» **What you should do**
Copy, word for word, the opening line of the data and each line after it until the line that contains "Convert formula to", which is included. Leave the pictures out.

** Opening Provided data block **

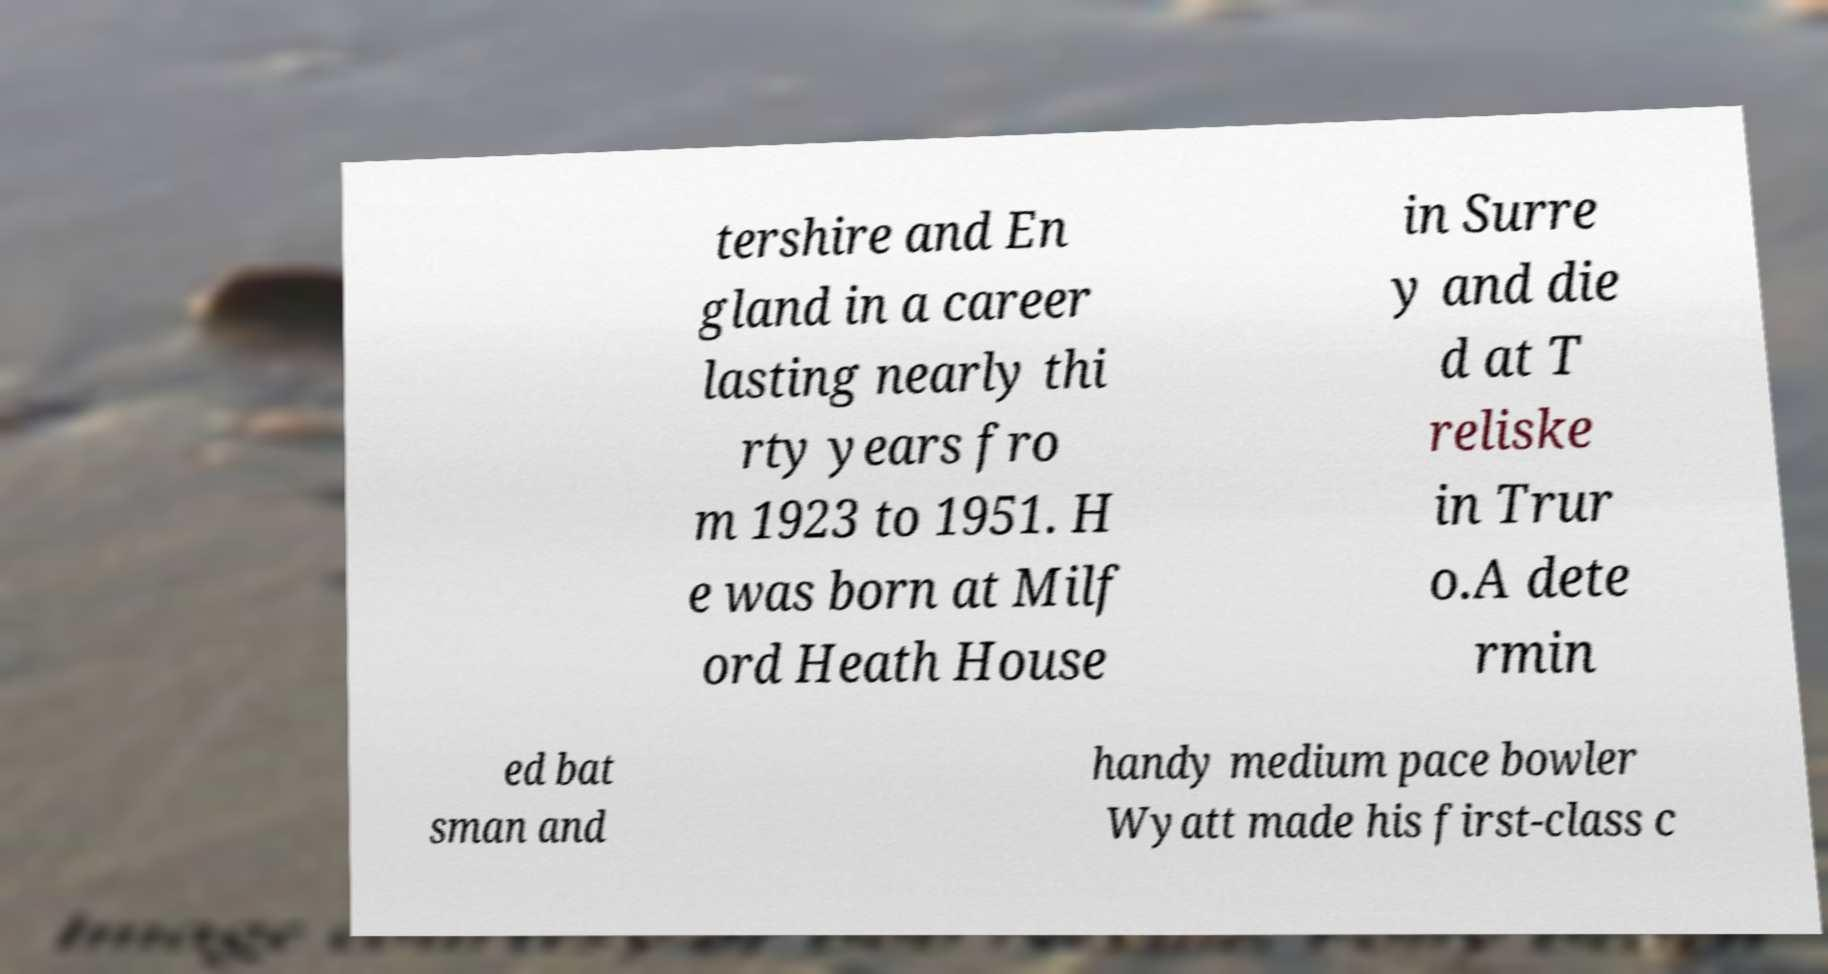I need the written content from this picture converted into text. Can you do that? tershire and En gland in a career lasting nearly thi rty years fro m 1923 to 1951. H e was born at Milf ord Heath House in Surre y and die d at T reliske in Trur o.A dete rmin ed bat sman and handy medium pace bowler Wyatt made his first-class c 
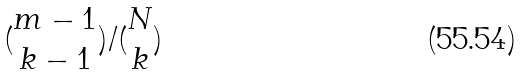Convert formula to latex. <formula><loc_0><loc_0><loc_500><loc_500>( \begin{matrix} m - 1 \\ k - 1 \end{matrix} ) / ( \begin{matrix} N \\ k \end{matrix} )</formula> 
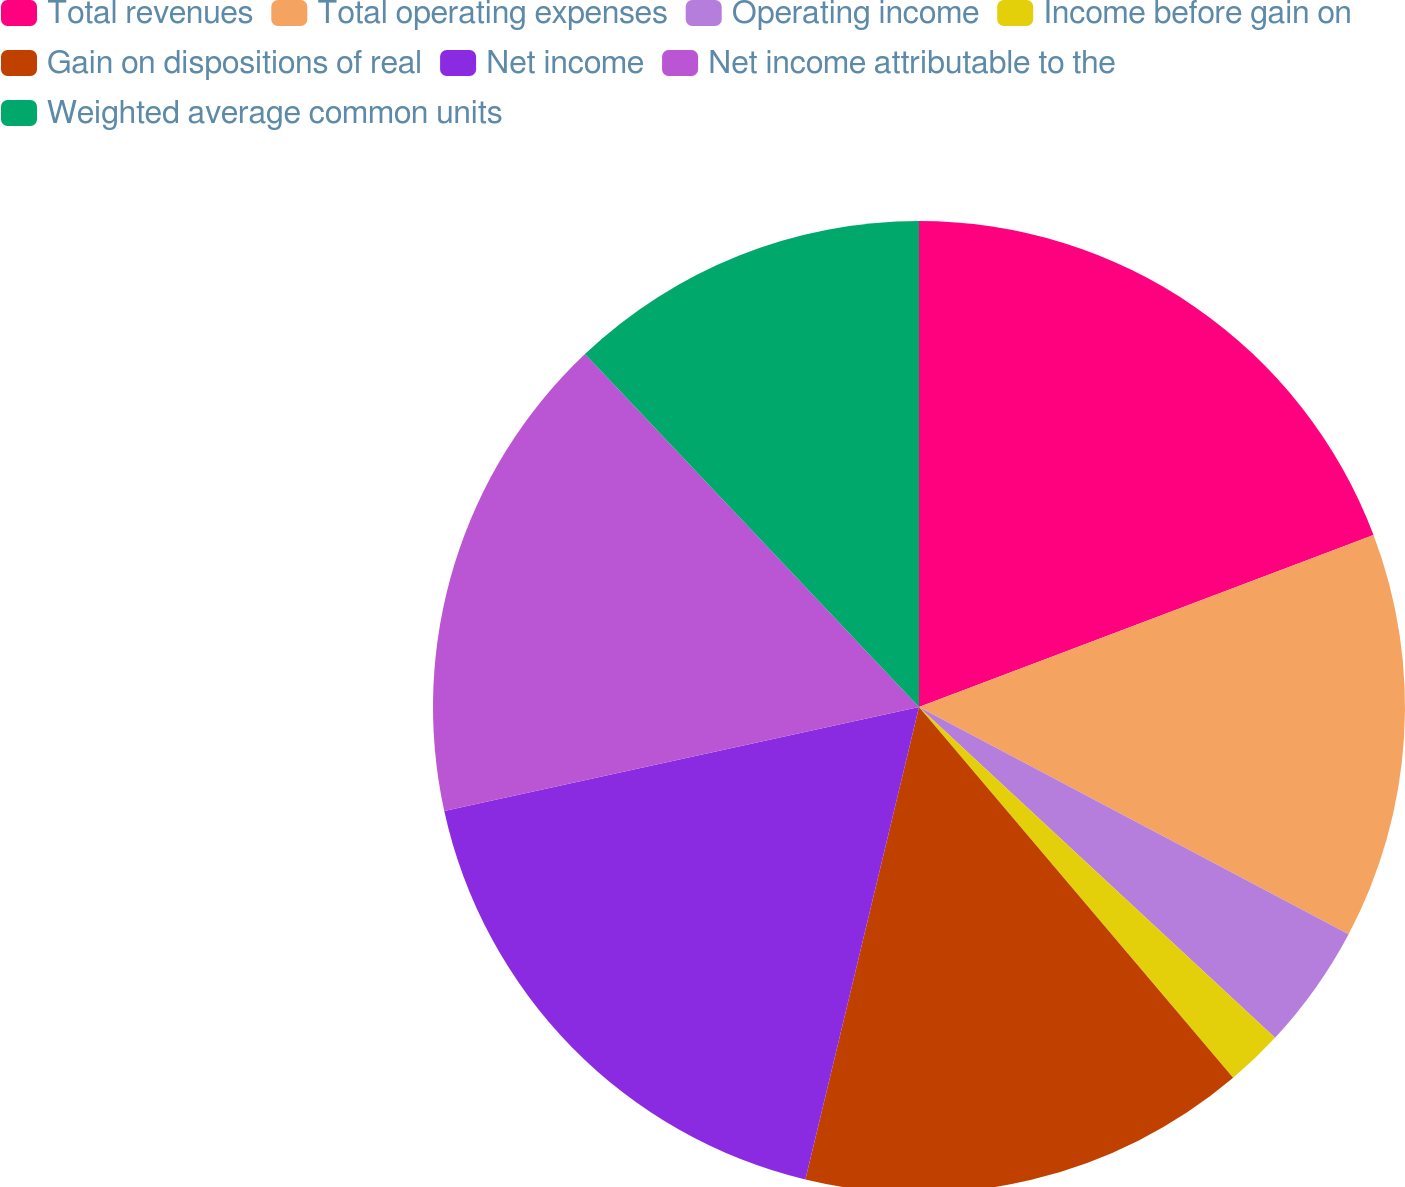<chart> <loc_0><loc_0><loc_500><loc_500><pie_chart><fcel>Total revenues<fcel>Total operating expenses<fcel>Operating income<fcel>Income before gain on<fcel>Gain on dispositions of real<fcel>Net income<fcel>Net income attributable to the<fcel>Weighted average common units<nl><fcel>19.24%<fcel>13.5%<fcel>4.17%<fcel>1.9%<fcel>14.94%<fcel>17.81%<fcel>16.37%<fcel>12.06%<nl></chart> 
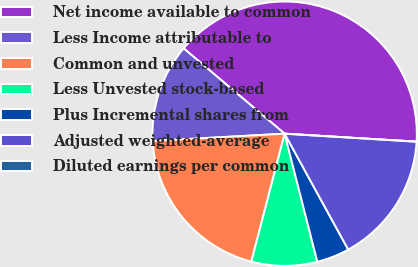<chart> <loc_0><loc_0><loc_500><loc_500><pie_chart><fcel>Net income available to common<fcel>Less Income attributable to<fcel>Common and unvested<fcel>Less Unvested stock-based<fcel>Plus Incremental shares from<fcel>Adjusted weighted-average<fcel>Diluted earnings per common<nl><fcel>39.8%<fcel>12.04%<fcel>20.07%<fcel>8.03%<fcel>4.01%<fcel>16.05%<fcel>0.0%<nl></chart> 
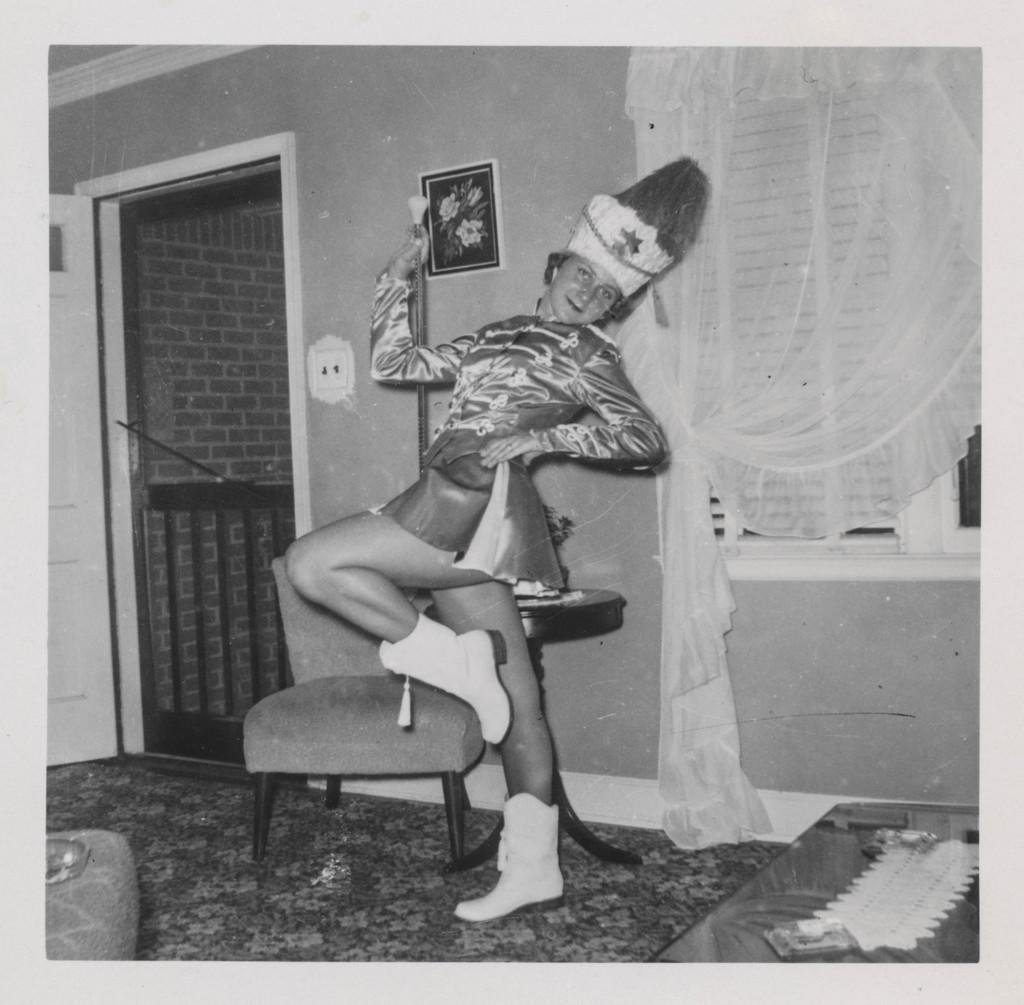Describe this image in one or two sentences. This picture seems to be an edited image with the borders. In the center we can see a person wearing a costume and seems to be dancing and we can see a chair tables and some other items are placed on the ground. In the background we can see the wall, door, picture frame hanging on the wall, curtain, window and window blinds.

** Closing Provided data block **

» **Exercise solution**
I need the written content from this picture converted into text. Can you do that? tershire and En gland in a career lasting nearly thi rty years fro m 1923 to 1951. H e was born at Milf ord Heath House in Surre y and die d at T reliske in Trur o.A dete rmin ed bat sman and handy medium pace bowler Wyatt made his first-class c 
Convert formula to latex. <formula><loc_0><loc_0><loc_500><loc_500>( \begin{matrix} m - 1 \\ k - 1 \end{matrix} ) / ( \begin{matrix} N \\ k \end{matrix} )</formula> 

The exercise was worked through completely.